── Data
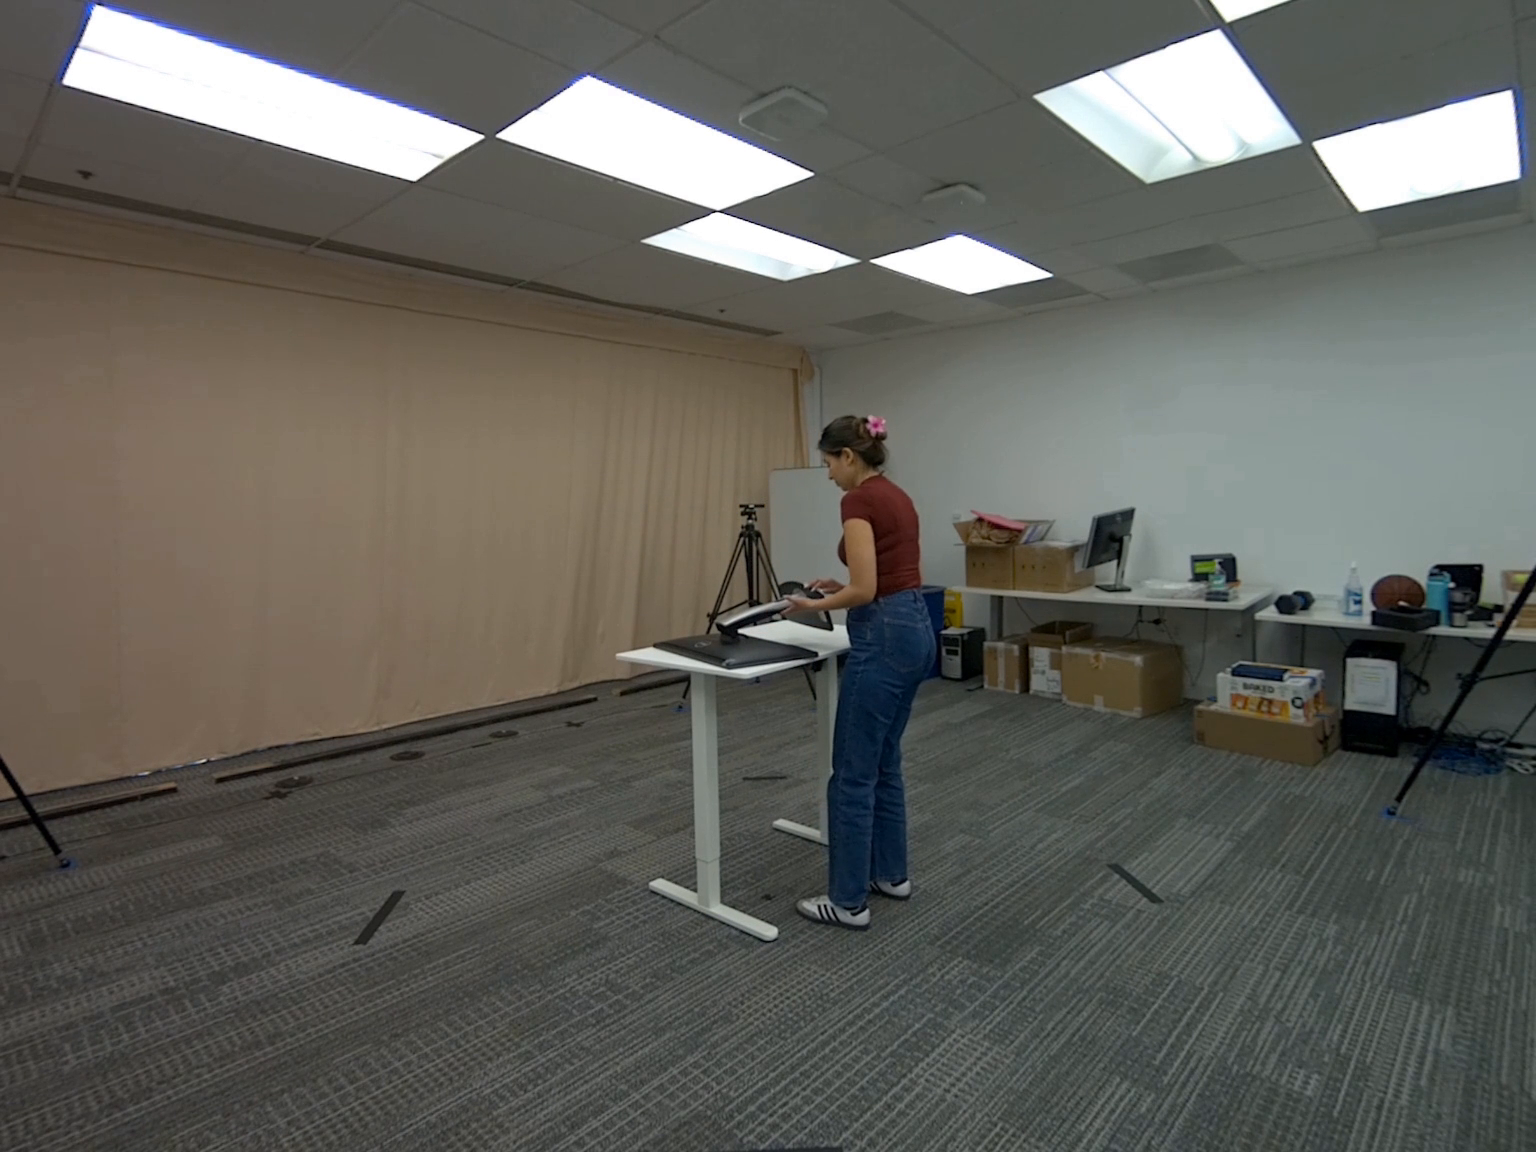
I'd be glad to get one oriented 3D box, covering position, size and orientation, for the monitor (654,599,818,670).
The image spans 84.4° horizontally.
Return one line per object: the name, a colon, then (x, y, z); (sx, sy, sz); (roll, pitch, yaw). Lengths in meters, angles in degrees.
monitor: (-0.059, 0.198, 2.977); (0.513, 0.185, 0.554); (-25, 14, -27)
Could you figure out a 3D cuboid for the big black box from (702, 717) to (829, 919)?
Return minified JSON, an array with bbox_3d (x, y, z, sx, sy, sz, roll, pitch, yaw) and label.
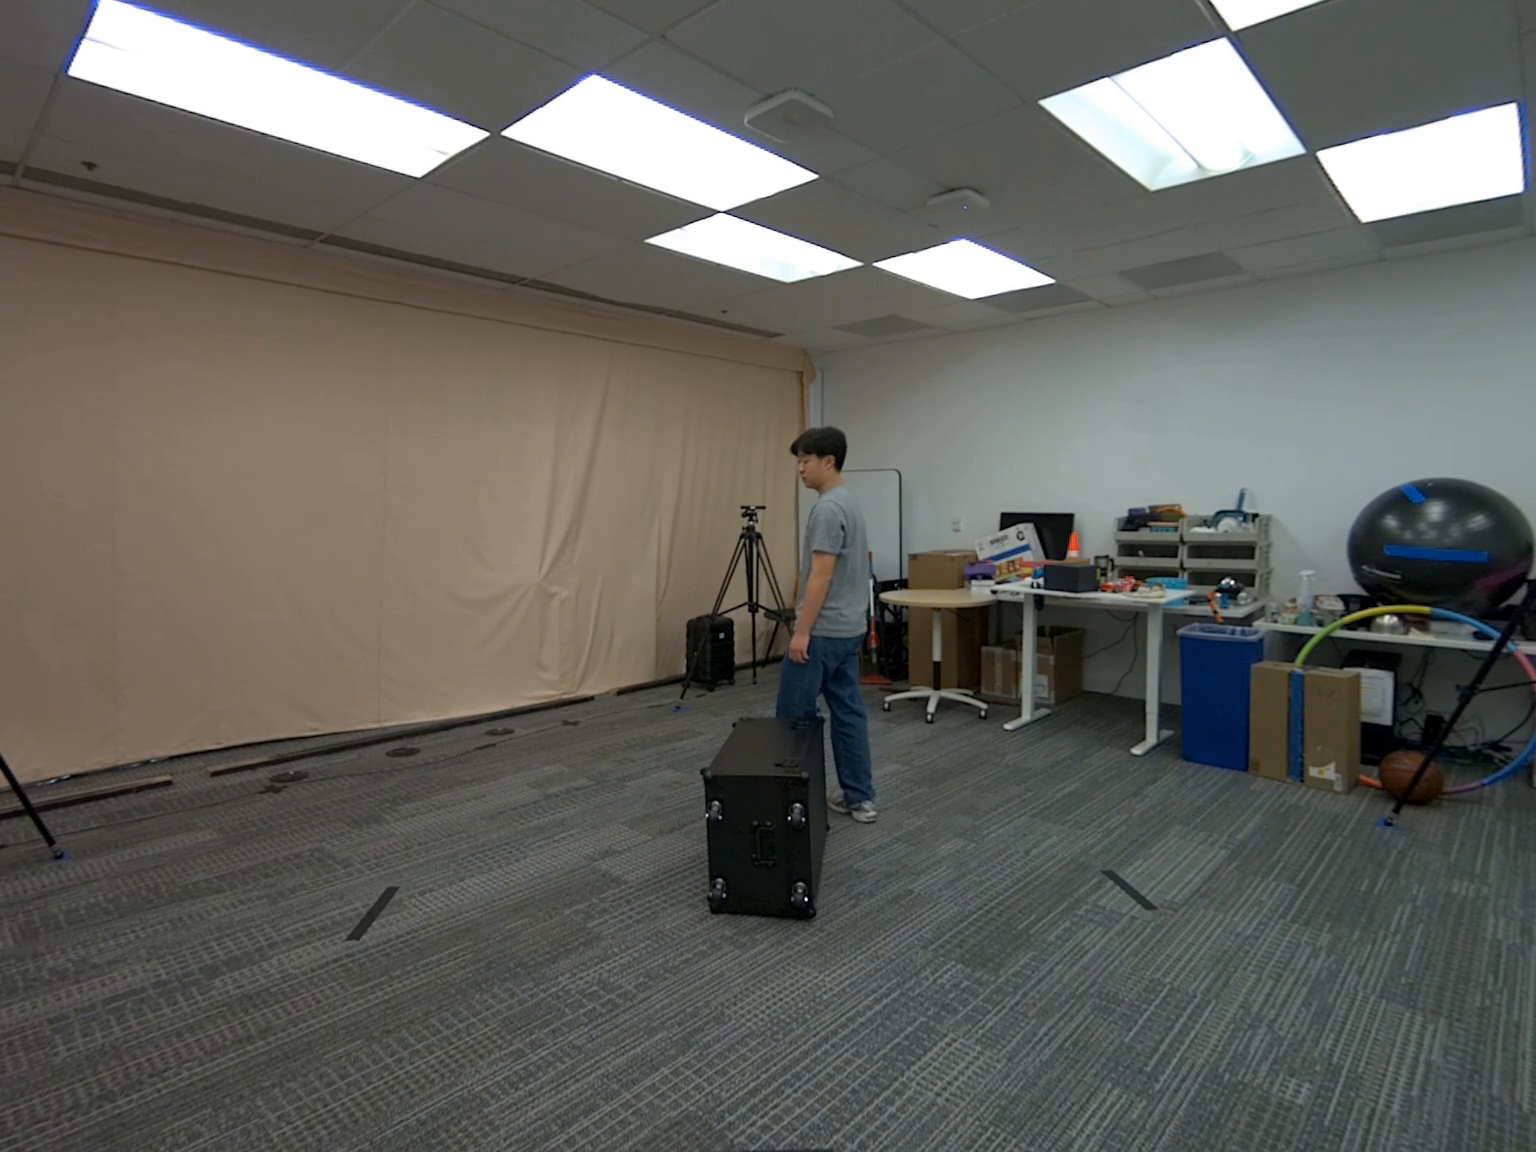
[{"bbox_3d":[0.012,0.870,3.239,0.401,0.520,0.854,-1,4,9],"label":"big black box"}]
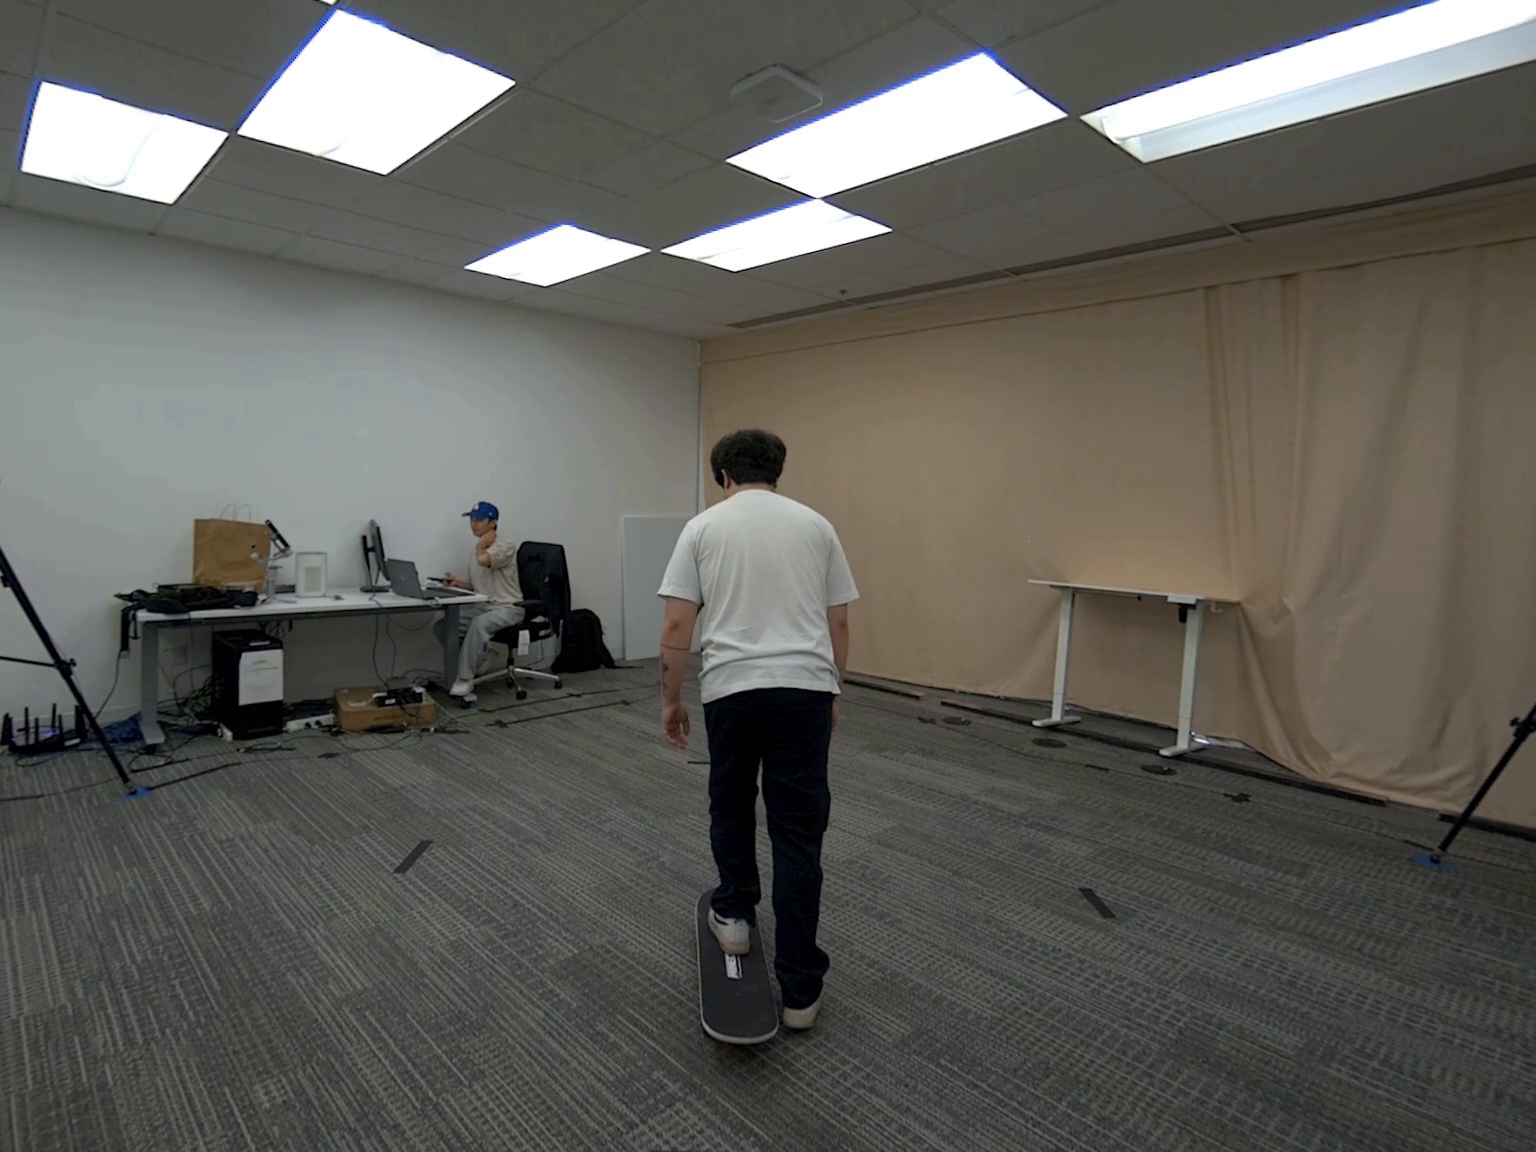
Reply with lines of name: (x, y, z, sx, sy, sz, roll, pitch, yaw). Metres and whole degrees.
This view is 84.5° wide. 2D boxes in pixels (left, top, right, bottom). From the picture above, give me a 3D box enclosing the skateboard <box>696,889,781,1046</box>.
skateboard: (-0.108, 1.119, 2.390, 0.193, 0.110, 0.791, 2, 5, -6)
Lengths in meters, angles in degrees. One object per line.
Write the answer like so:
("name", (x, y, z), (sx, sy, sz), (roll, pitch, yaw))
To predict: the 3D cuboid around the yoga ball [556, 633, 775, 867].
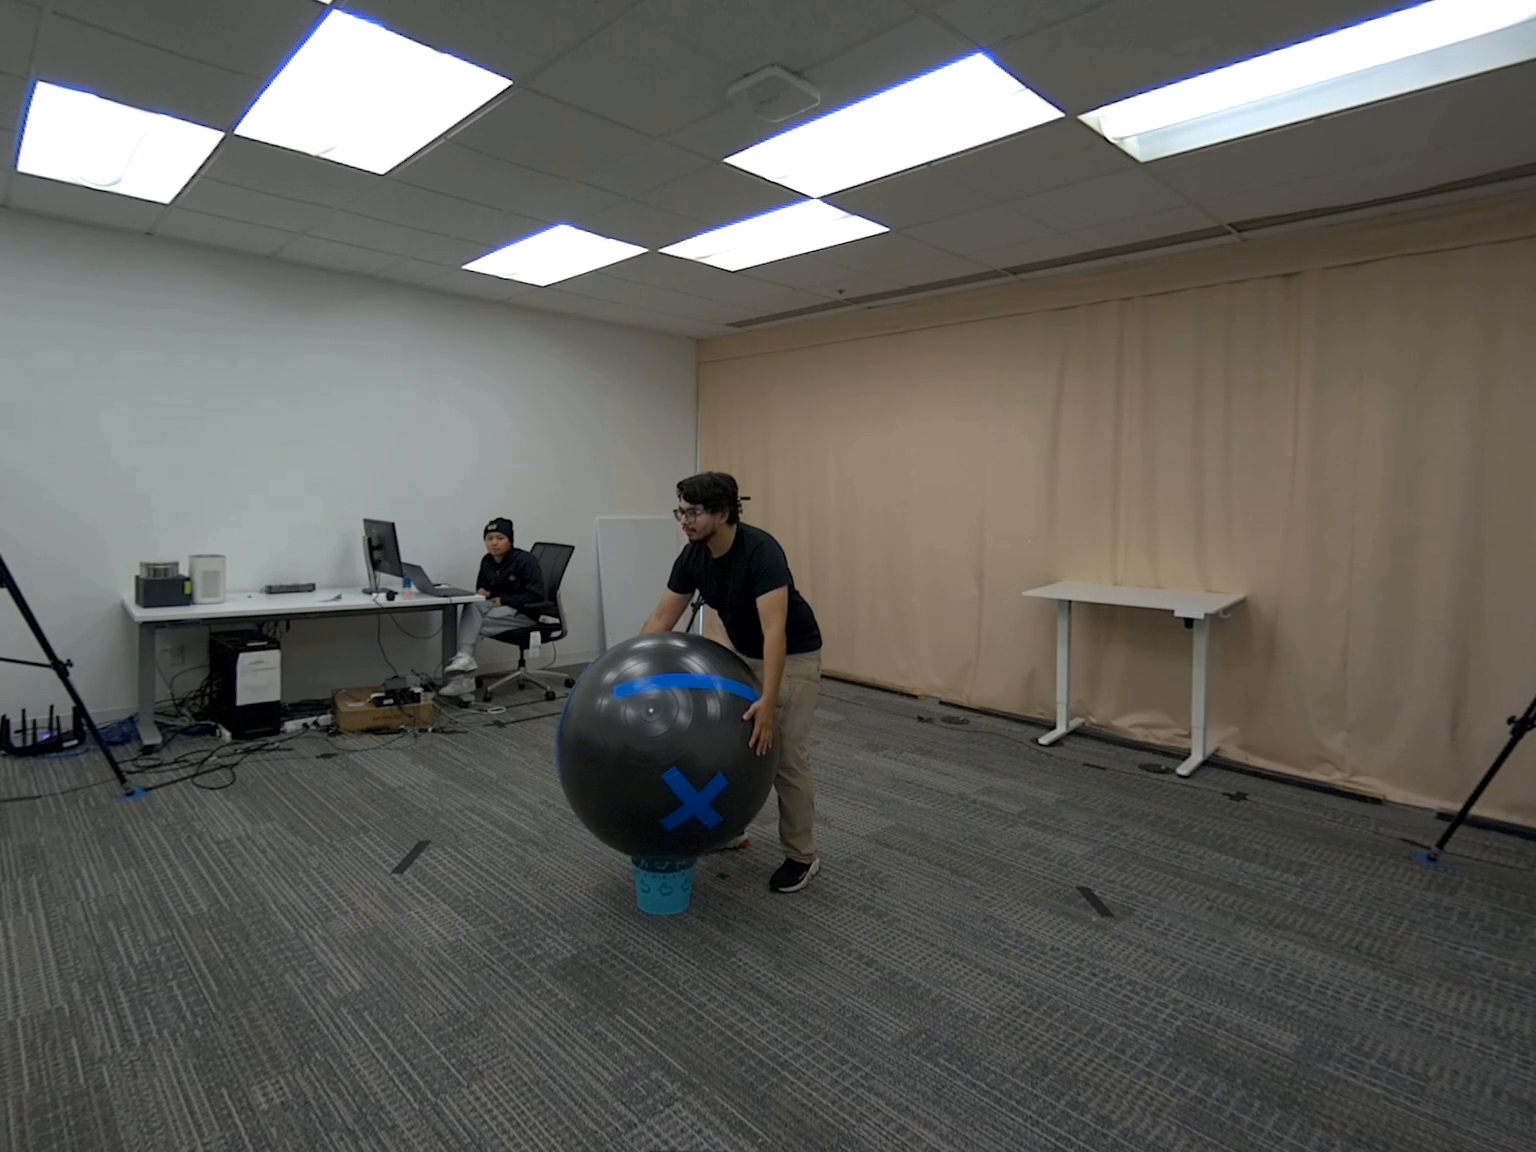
────
Task brief:
Give again, unchanged, only the lines from the line containing "(roll, pitch, yaw))" to the last line of the records above. Pictures do not belong in the copy.

Answer to this exercise:
("name", (x, y, z), (sx, sy, sz), (roll, pitch, yaw))
To predict: the 3D cuboid around the yoga ball [556, 633, 775, 867].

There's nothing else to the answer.